Selection and Training Session

a) (Solution of A.Ivanin, O.Volod'ko, A.Zhuk.) (Further we put $p_{n+1}=p_1$.) Let $p_k$ be the greatest number among all $p_i$ ($i=1,2,\dots ,n$). The condition $a^{p_i}\equiv 1(\mathrm{mod}{p}_{i+1})$ implies that $a$ and $p_i$ are relatively prime for all $i$. Then $a^{p_{k+1}-1}\equiv 1(\mathrm{mod}{p}_{k+1})$ by Little Fermat Theorem. Since, by the problem condition, $a^{p_k}\equiv 1(\mathrm{mod}{p}_{k+1})$, we also have $a^d\equiv 1(\mathrm{mod}{p}_{k+1})$ where $d=\text{GCD}(p_{k+1}-1,p_k)$. But from $d\mid p_k$ it follows that $d=p_k$ or $d=1$. If $d=p_k$ then $p_{k+1}-1\ge p_k$, $p_{k+1}>p_k$, a contradiction. Hence $d=1$ and $a\equiv 1(\mathrm{mod}{p}_{k+1})$, q.e.d.

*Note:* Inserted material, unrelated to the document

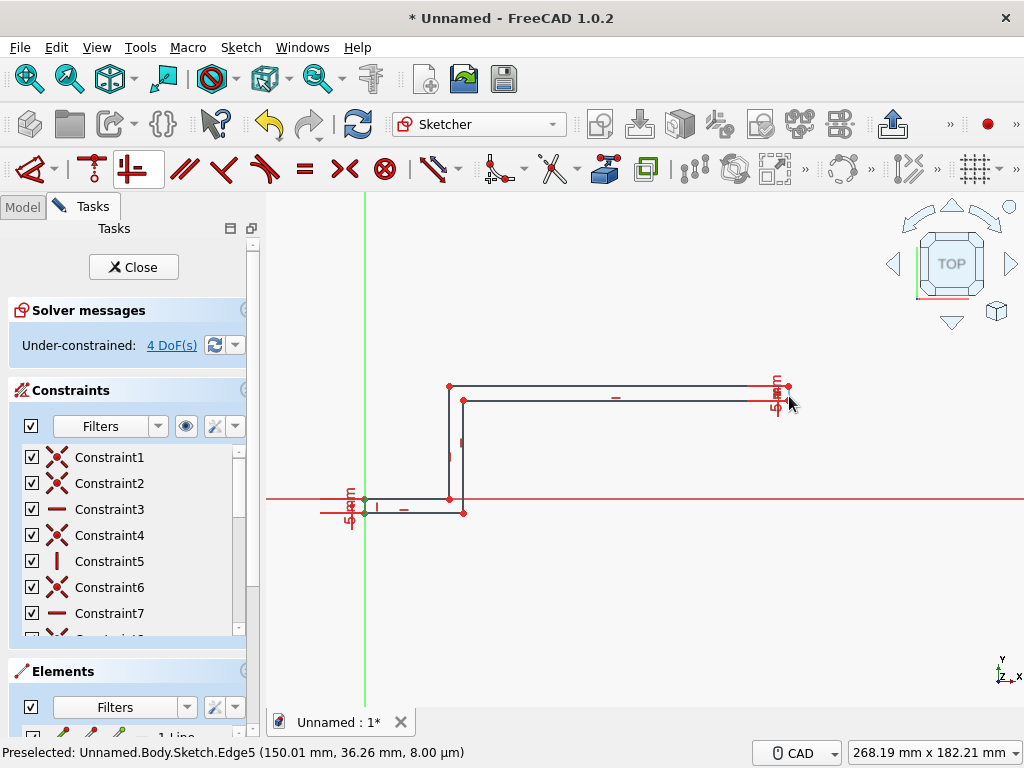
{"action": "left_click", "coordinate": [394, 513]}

b) Take any prime $p_1$. By the Dirichlet theorem, we can choose a sequence of primes $p_1,\dots ,p_n$ such that $p_2-1\mid p_1,p_3-1\mid p_2,\dots ,p_n-1\mid p_{n-1}$.

Let $p_{k+1}-1=p_k{b}_{k+1}$, $k=1,\dots ,n-1$. Further, choose for any $l=2,\dots ,n$ a primitive root $x_l(\mathrm{mod}{p}_l)$ and set $a_k=x_k^{b_k}$. In particular, $a_{k+1}\not\equiv 1(\mathrm{mod}{p}_{k+1})$ and $a_{k+1}^{p_k}=x_{k+1}^{p_{k+1}-1}\equiv 1(\mathrm{mod}{p}_{k+1})$. Now by the Chinese Remainder Theorem, there exists an $a$ such that $a\equiv 1(\mathrm{mod}{p}_1)$ and $a\equiv a_{k+1}(\mathrm{mod}{p}_k)$ for $k=1,\dots ,n-1$. This $a$ satisfies the condition.